View the Running Status of the CDC Task
The start and stop of the CDC task can only be controlled by the CDC Client. You can view the status of the CDC task by executing DistSQL in the proxy
- View the CDC task list
SHOW STREAMING LIST;
Running result
sharding_db=> SHOW STREAMING LIST;
id | database | tables | job_item_count | active | create_time | stop_time
--------------------------------------------+-------------+---------+----------------+--------+---------------------+-----------
j0302p0000702a83116fcee83f70419ca5e2993791 | sharding_db | t_order | 1 | true | 2023-10-27 22:01:27 |
(1 row)
- View the details of the CDC task
SHOW STREAMING STATUS j0302p0000702a83116fcee83f70419ca5e2993791;
Running result
sharding_db=> SHOW STREAMING STATUS j0302p0000702a83116fcee83f70419ca5e2993791;
item | data_source | status | active | processed_records_count | inventory_finished_percentage | incremental_idle_seconds | confirmed_position | current_position | error_message
------+-------------+--------------------------+--------+-------------------------+-------------------------------+--------------------------+--------------------+------------------+---------------
0 | ds_0 | EXECUTE_INCREMENTAL_TASK | false | 2 | 100 | 115 | 5/597E43D0 | 5/597E4810 |
1 | ds_1 | EXECUTE_INCREMENTAL_TASK | false | 3 | 100 | 115 | 5/597E4450 | 5/597E4810 |
(2 rows)
- Drop CDC task
DROP STREAMING j0302p0000702a83116fcee83f70419ca5e2993791;
The CDC task can only be deleted when there are no subscriptions. At this time, the replication slots on the openGauss physical database will also be deleted.
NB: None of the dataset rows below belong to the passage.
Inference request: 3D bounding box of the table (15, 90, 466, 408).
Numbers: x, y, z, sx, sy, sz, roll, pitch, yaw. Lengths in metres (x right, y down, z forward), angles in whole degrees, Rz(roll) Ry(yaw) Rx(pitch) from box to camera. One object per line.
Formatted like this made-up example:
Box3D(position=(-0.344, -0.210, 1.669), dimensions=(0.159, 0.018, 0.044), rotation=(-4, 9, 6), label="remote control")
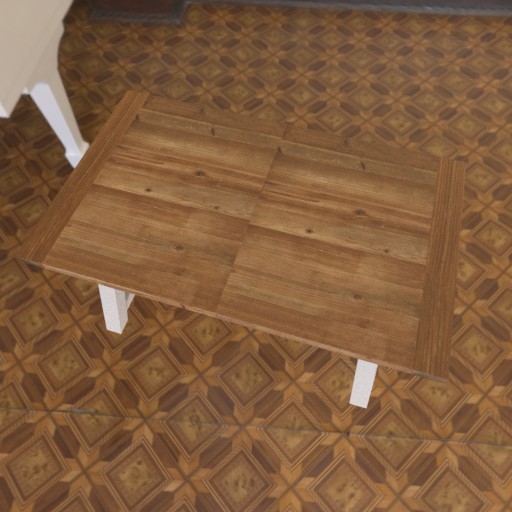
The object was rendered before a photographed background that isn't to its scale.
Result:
Box3D(position=(0.000, 0.000, 2.004), dimensions=(1.503, 0.743, 0.922), rotation=(15, 60, 9), label="table")

sharding_db=> DROP STREAMING j0302p0000702a83116fcee83f70419ca5e2993791;
SUCCESS
Precautions
Explanation of incremental data push
- The CDC incremental push is currently transactional, and the transactions of the physical database will not be split. Therefore, if there are data changes in multiple tables in a transaction, these data changes will be pushed together. If you want to support XA transactions (currently only supports openGauss), both openGauss and Proxy need the GLT module.
- The conditions for push are met when a certain amount of data is met or a certain time interval is reached (currently 300ms). When processing XA transactions, if the received multiple physical database incremental events exceed 300ms, it may cause the XA transaction to be split and pushed.
Handling of large transactions
Currently, large transactions are fully parsed, which may cause the CDC Server process to OOM. In the future, forced truncation may be considered.
Recommended configuration
There is no fixed value for the performance of CDC, you can focus on the batchSize of read/write in the configuration, and the size of the memory queue, and tune it according to the actual situation.